What to work on: If an entry holds an image, leave that image out and transcribe everything else exactly.

Records shown:

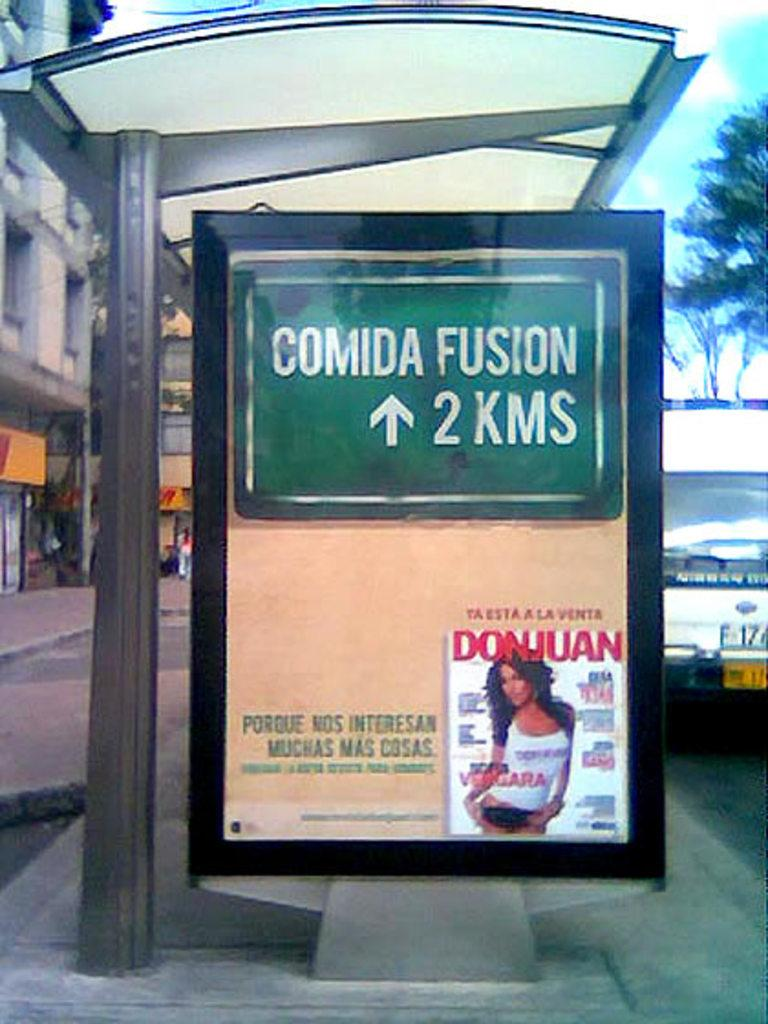Provide a one-sentence caption for the provided image. A bus shelter with an ad for a magazine called DonJuan at the bottom. 
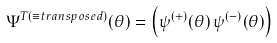Convert formula to latex. <formula><loc_0><loc_0><loc_500><loc_500>\Psi ^ { T ( \equiv t r a n s p o s e d ) } ( \theta ) = \left ( \psi ^ { ( + ) } ( \theta ) \, \psi ^ { ( - ) } ( \theta ) \right )</formula> 
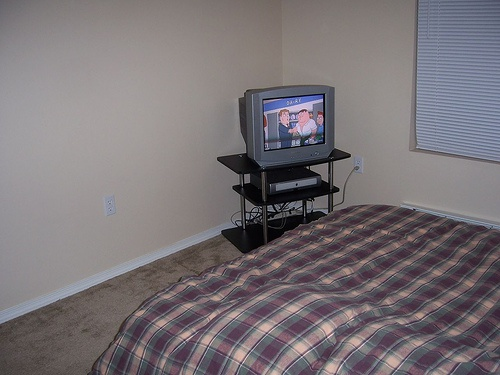Describe the objects in this image and their specific colors. I can see bed in gray, purple, darkgray, and black tones and tv in gray and black tones in this image. 
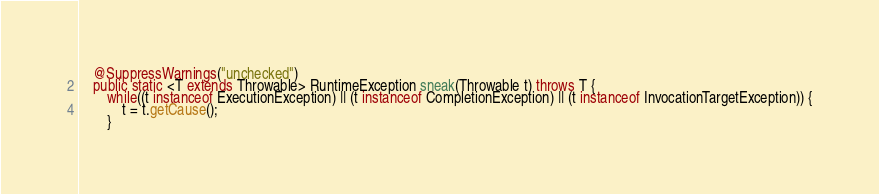<code> <loc_0><loc_0><loc_500><loc_500><_Java_>
    @SuppressWarnings("unchecked")
    public static <T extends Throwable> RuntimeException sneak(Throwable t) throws T {
        while((t instanceof ExecutionException) || (t instanceof CompletionException) || (t instanceof InvocationTargetException)) {
            t = t.getCause();
        }</code> 
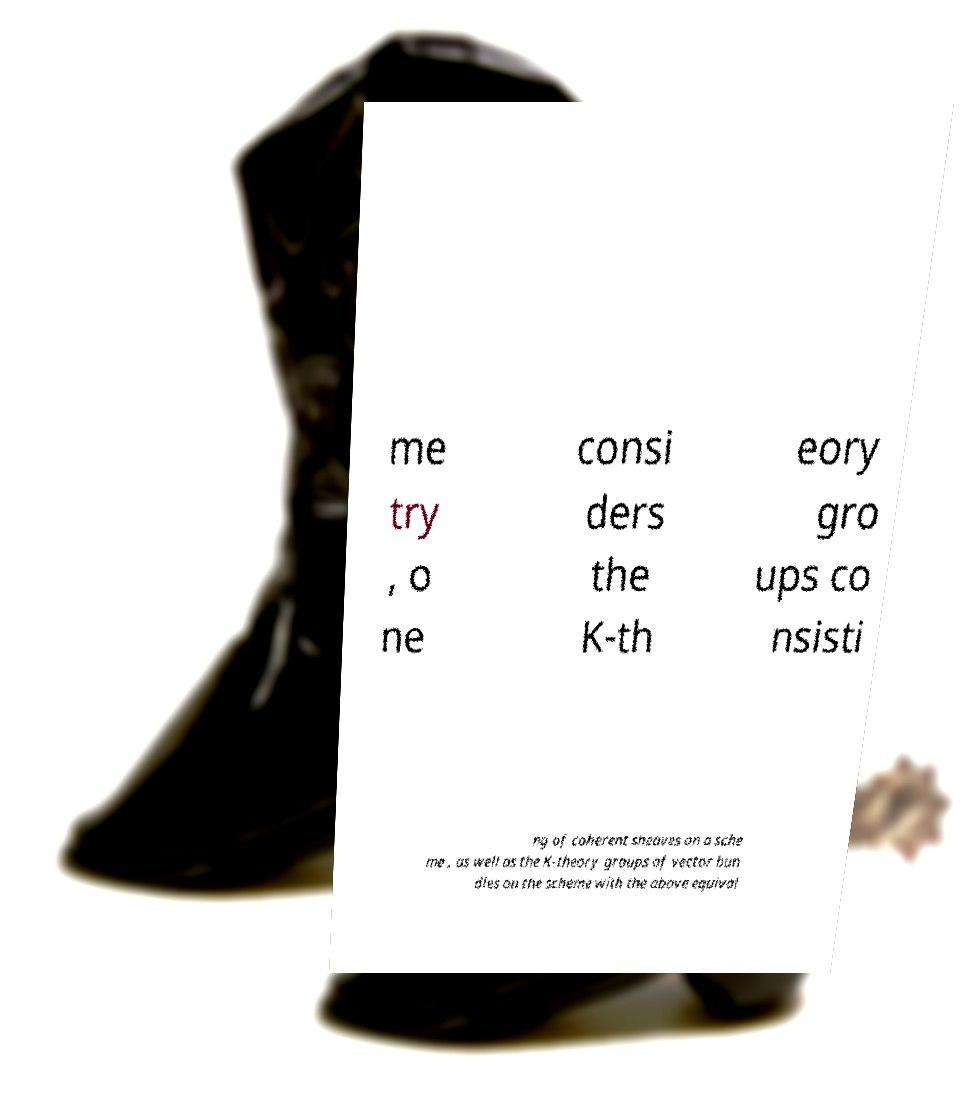I need the written content from this picture converted into text. Can you do that? me try , o ne consi ders the K-th eory gro ups co nsisti ng of coherent sheaves on a sche me , as well as the K-theory groups of vector bun dles on the scheme with the above equival 
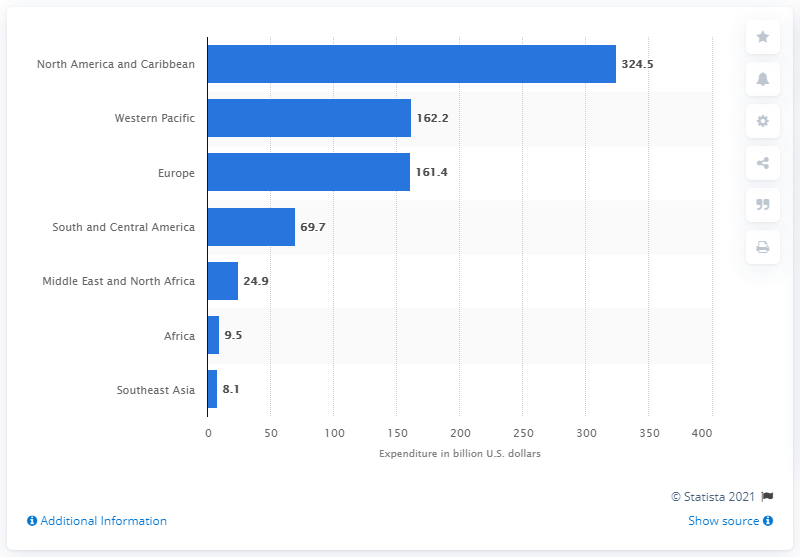Identify some key points in this picture. The North American and Caribbean region spent approximately 324.5 billion U.S. dollars on diabetes care in 2019. 
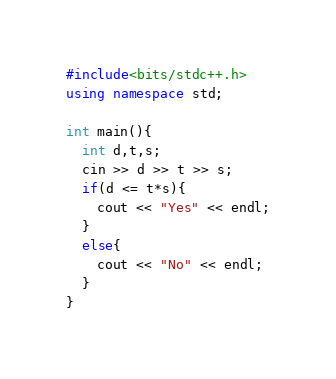<code> <loc_0><loc_0><loc_500><loc_500><_C++_>#include<bits/stdc++.h>
using namespace std;

int main(){
  int d,t,s;
  cin >> d >> t >> s;
  if(d <= t*s){
    cout << "Yes" << endl;
  }
  else{
    cout << "No" << endl;
  }
}</code> 
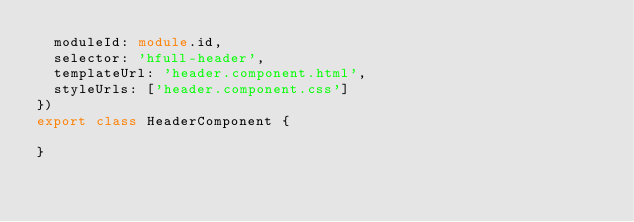Convert code to text. <code><loc_0><loc_0><loc_500><loc_500><_TypeScript_>  moduleId: module.id,
  selector: 'hfull-header',
  templateUrl: 'header.component.html',
  styleUrls: ['header.component.css']
})
export class HeaderComponent {

}
</code> 
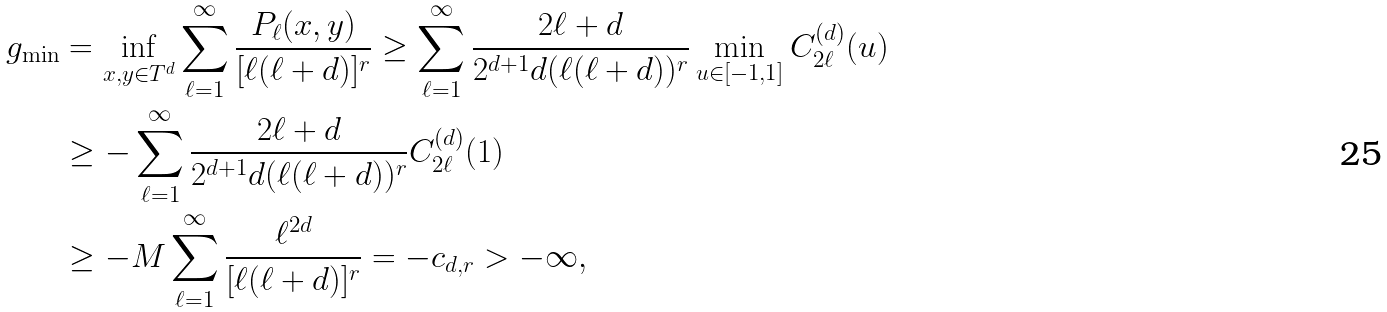Convert formula to latex. <formula><loc_0><loc_0><loc_500><loc_500>g _ { \min } & = \inf _ { x , y \in T ^ { d } } \sum _ { \ell = 1 } ^ { \infty } \frac { P _ { \ell } ( x , y ) } { [ \ell ( \ell + d ) ] ^ { r } } \geq \sum _ { \ell = 1 } ^ { \infty } \frac { 2 \ell + d } { 2 ^ { d + 1 } d ( \ell ( \ell + d ) ) ^ { r } } \min _ { u \in [ - 1 , 1 ] } C _ { 2 \ell } ^ { ( d ) } ( u ) \\ & \geq - \sum _ { \ell = 1 } ^ { \infty } \frac { 2 \ell + d } { 2 ^ { d + 1 } d ( \ell ( \ell + d ) ) ^ { r } } C _ { 2 \ell } ^ { ( d ) } ( 1 ) \\ & \geq - M \sum _ { \ell = 1 } ^ { \infty } \frac { \ell ^ { 2 d } } { [ \ell ( \ell + d ) ] ^ { r } } = - c _ { d , r } > - \infty ,</formula> 
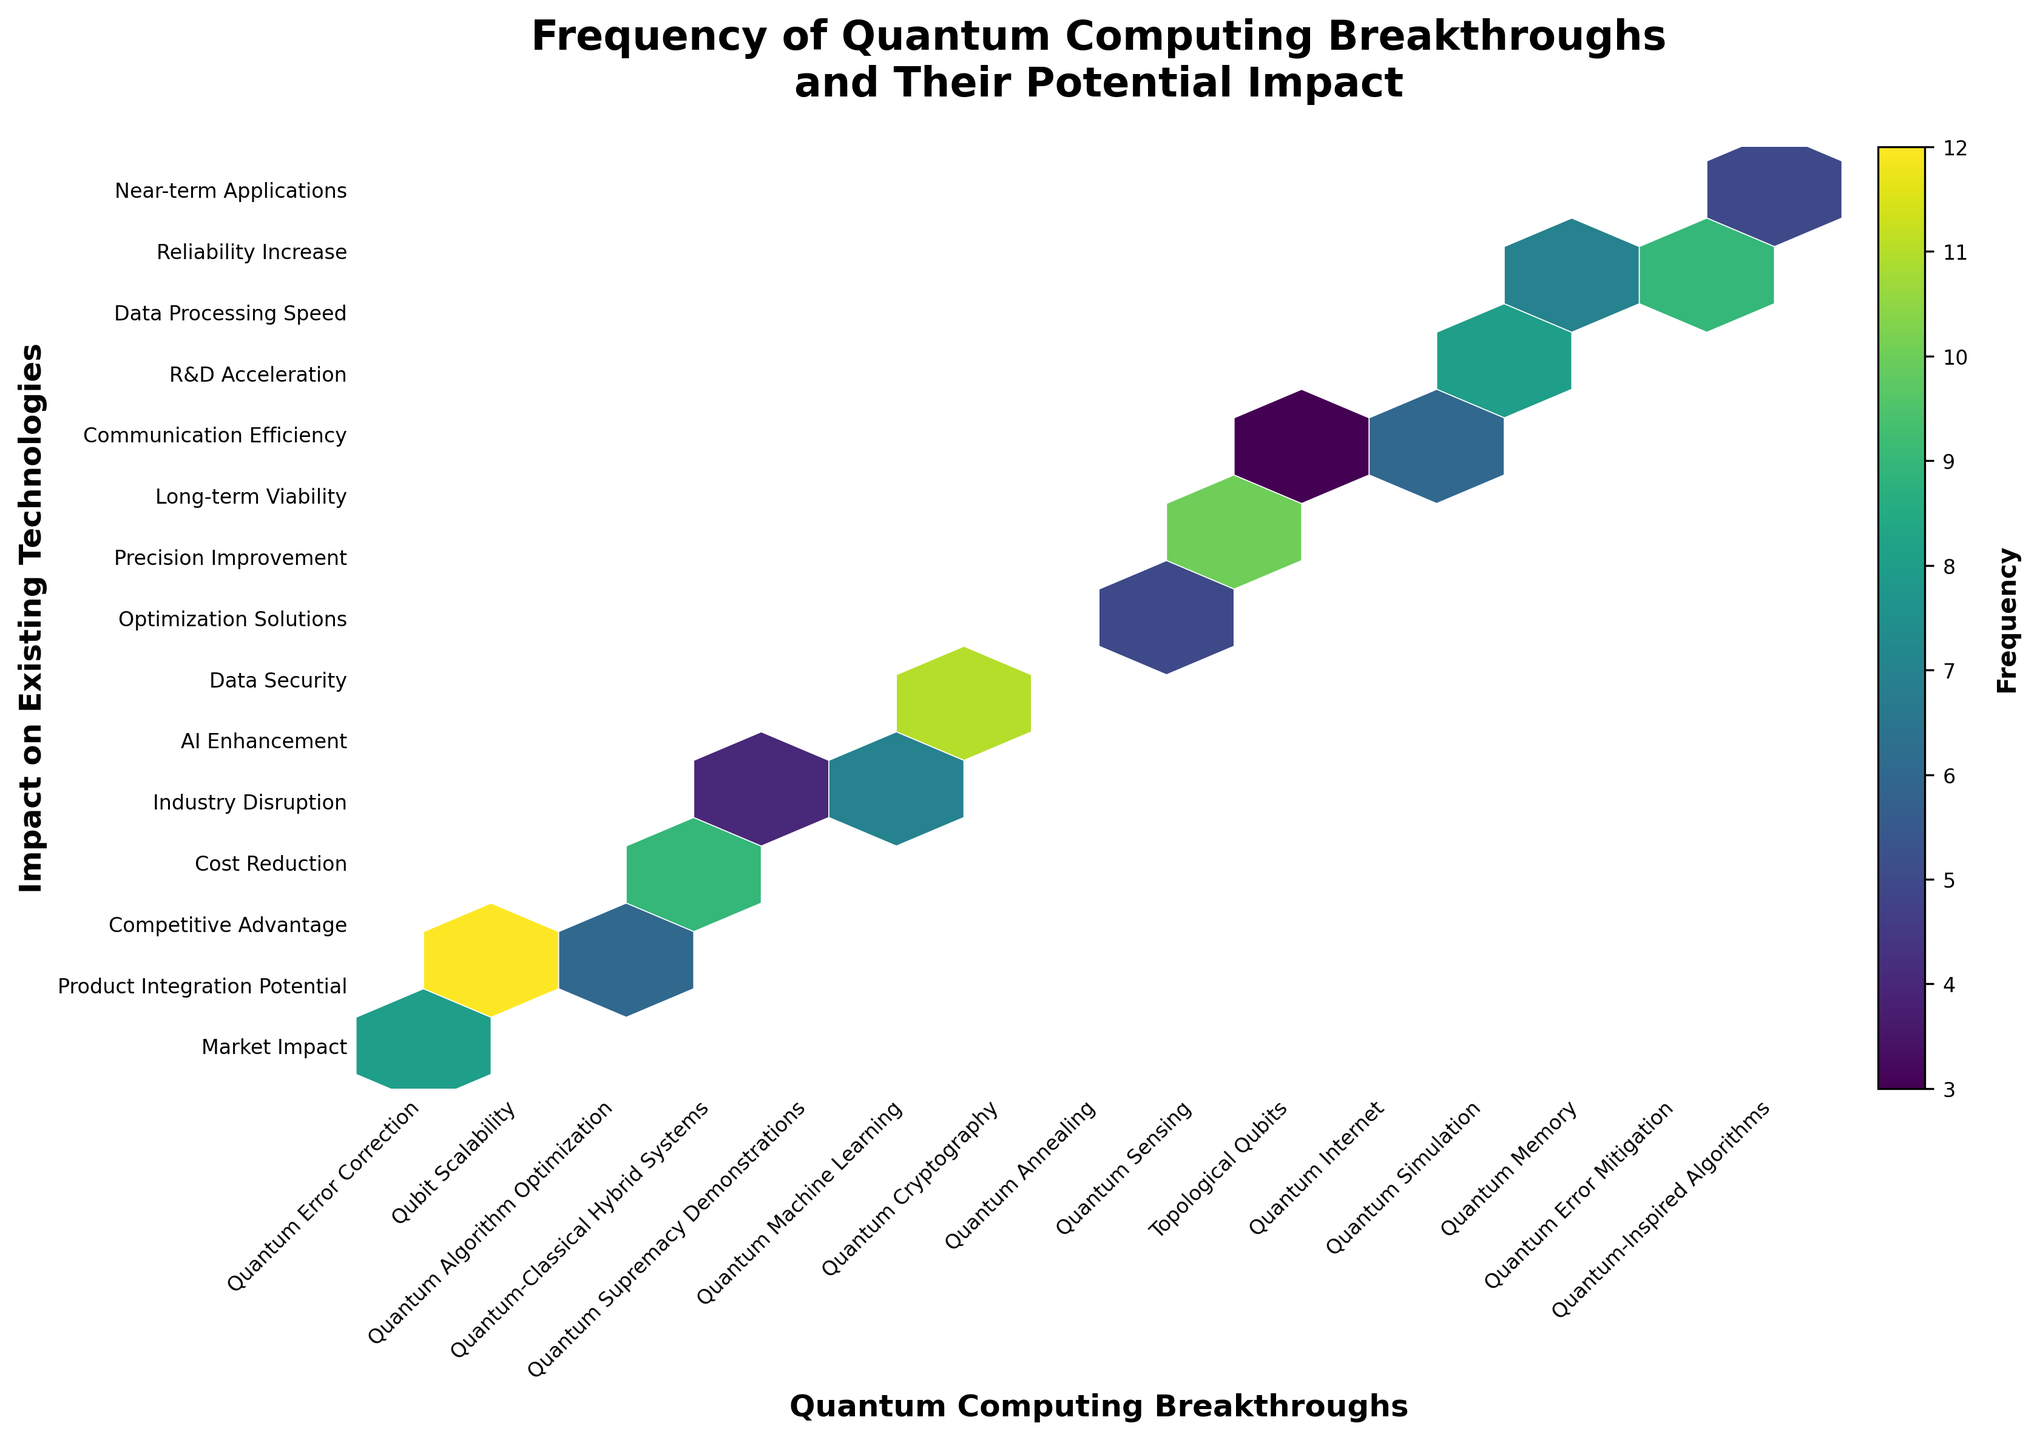Which breakthrough has the highest frequency? The hexbin plot shows the grid's color intensity indicating frequency. The brightest hexbin corresponds to 'Qubit Scalability' in 'Product Integration Potential' area.
Answer: Qubit Scalability What is the title of the plot? The title is usually placed at the top of the figure and is clearly written in bold.
Answer: Frequency of Quantum Computing Breakthroughs and Their Potential Impact How many breakthroughs have a frequency higher than 9? By inspecting the color bar and matching the highest color intensities in the hexbin plot, you can see there are three such breakthroughs: 'Qubit Scalability,' 'Quantum Cryptography,' and 'Quantum Sensing.'
Answer: 3 Which impact area has the lowest frequency associated with a breakthrough? By checking the color intensities, the faintest hexbin corresponds to 'Long-term Viability,' associated with 'Topological Qubits.'
Answer: Long-term Viability What is the x-axis label? The x-axis label is located below the axis itself and describes what the horizontal dimension represents.
Answer: Quantum Computing Breakthroughs Between 'Quantum Algorithm Optimization' and 'Quantum Internet,' which one has a higher frequency? Comparing the color intensities in the hexbin plot, 'Quantum Algorithm Optimization' and 'Quantum Internet' both have frequencies matching with 6. Reviewing this alignment confirms no difference.
Answer: Both are equal Which breakthroughs fall under the 'Industry Disruption' impact area, and what are their frequencies? 'Industry Disruption' is on the y-axis. The corresponding breakthrough in the x-axis is 'Quantum Supremacy Demonstrations' with a frequency found in the color bar matching with the hexbin plot.
Answer: Quantum Supremacy Demonstrations, 4 What's the average frequency of all the breakthroughs? Summing up all frequencies and dividing by the number of breakthroughs gives (8+12+6+9+4+7+11+5+10+3+6+8+7+9+5)/15 = 100/15 = 6.67.
Answer: 6.67

Exercise response:
Provide a one-sentence caption for the provided image. A bus shelter with an ad for a magazine called DonJuan at the bottom. 
Convert formula to latex. <formula><loc_0><loc_0><loc_500><loc_500>\Psi ^ { T ( \equiv t r a n s p o s e d ) } ( \theta ) = \left ( \psi ^ { ( + ) } ( \theta ) \, \psi ^ { ( - ) } ( \theta ) \right )</formula> 
Describe the objects in this image and their specific colors. I can see bed in gray, purple, darkgray, and black tones and tv in gray and black tones in this image. 
<code> <loc_0><loc_0><loc_500><loc_500><_Java_>
    @SuppressWarnings("unchecked")
    public static <T extends Throwable> RuntimeException sneak(Throwable t) throws T {
        while((t instanceof ExecutionException) || (t instanceof CompletionException) || (t instanceof InvocationTargetException)) {
            t = t.getCause();
        }</code> 
I need the written content from this picture converted into text. Can you do that? me try , o ne consi ders the K-th eory gro ups co nsisti ng of coherent sheaves on a sche me , as well as the K-theory groups of vector bun dles on the scheme with the above equival 
Identify some key points in this picture. The North American and Caribbean region spent approximately 324.5 billion U.S. dollars on diabetes care in 2019. 
<code> <loc_0><loc_0><loc_500><loc_500><_C++_>#include<bits/stdc++.h>
using namespace std;

int main(){
  int d,t,s;
  cin >> d >> t >> s;
  if(d <= t*s){
    cout << "Yes" << endl;
  }
  else{
    cout << "No" << endl;
  }
}</code> 
Convert code to text. <code><loc_0><loc_0><loc_500><loc_500><_TypeScript_>  moduleId: module.id,
  selector: 'hfull-header',
  templateUrl: 'header.component.html',
  styleUrls: ['header.component.css']
})
export class HeaderComponent {

}
</code> 
Convert formula to latex. <formula><loc_0><loc_0><loc_500><loc_500>g _ { \min } & = \inf _ { x , y \in T ^ { d } } \sum _ { \ell = 1 } ^ { \infty } \frac { P _ { \ell } ( x , y ) } { [ \ell ( \ell + d ) ] ^ { r } } \geq \sum _ { \ell = 1 } ^ { \infty } \frac { 2 \ell + d } { 2 ^ { d + 1 } d ( \ell ( \ell + d ) ) ^ { r } } \min _ { u \in [ - 1 , 1 ] } C _ { 2 \ell } ^ { ( d ) } ( u ) \\ & \geq - \sum _ { \ell = 1 } ^ { \infty } \frac { 2 \ell + d } { 2 ^ { d + 1 } d ( \ell ( \ell + d ) ) ^ { r } } C _ { 2 \ell } ^ { ( d ) } ( 1 ) \\ & \geq - M \sum _ { \ell = 1 } ^ { \infty } \frac { \ell ^ { 2 d } } { [ \ell ( \ell + d ) ] ^ { r } } = - c _ { d , r } > - \infty ,</formula> 
Which breakthrough has the highest frequency? The hexbin plot shows the grid's color intensity indicating frequency. The brightest hexbin corresponds to 'Qubit Scalability' in 'Product Integration Potential' area.
Answer: Qubit Scalability What is the title of the plot? The title is usually placed at the top of the figure and is clearly written in bold.
Answer: Frequency of Quantum Computing Breakthroughs and Their Potential Impact How many breakthroughs have a frequency higher than 9? By inspecting the color bar and matching the highest color intensities in the hexbin plot, you can see there are three such breakthroughs: 'Qubit Scalability,' 'Quantum Cryptography,' and 'Quantum Sensing.'
Answer: 3 Which impact area has the lowest frequency associated with a breakthrough? By checking the color intensities, the faintest hexbin corresponds to 'Long-term Viability,' associated with 'Topological Qubits.'
Answer: Long-term Viability What is the x-axis label? The x-axis label is located below the axis itself and describes what the horizontal dimension represents.
Answer: Quantum Computing Breakthroughs Between 'Quantum Algorithm Optimization' and 'Quantum Internet,' which one has a higher frequency? Comparing the color intensities in the hexbin plot, 'Quantum Algorithm Optimization' and 'Quantum Internet' both have frequencies matching with 6. Reviewing this alignment confirms no difference.
Answer: Both are equal Which breakthroughs fall under the 'Industry Disruption' impact area, and what are their frequencies? 'Industry Disruption' is on the y-axis. The corresponding breakthrough in the x-axis is 'Quantum Supremacy Demonstrations' with a frequency found in the color bar matching with the hexbin plot.
Answer: Quantum Supremacy Demonstrations, 4 What's the average frequency of all the breakthroughs? Summing up all frequencies and dividing by the number of breakthroughs gives (8+12+6+9+4+7+11+5+10+3+6+8+7+9+5)/15 = 100/15 = 6.67.
Answer: 6.67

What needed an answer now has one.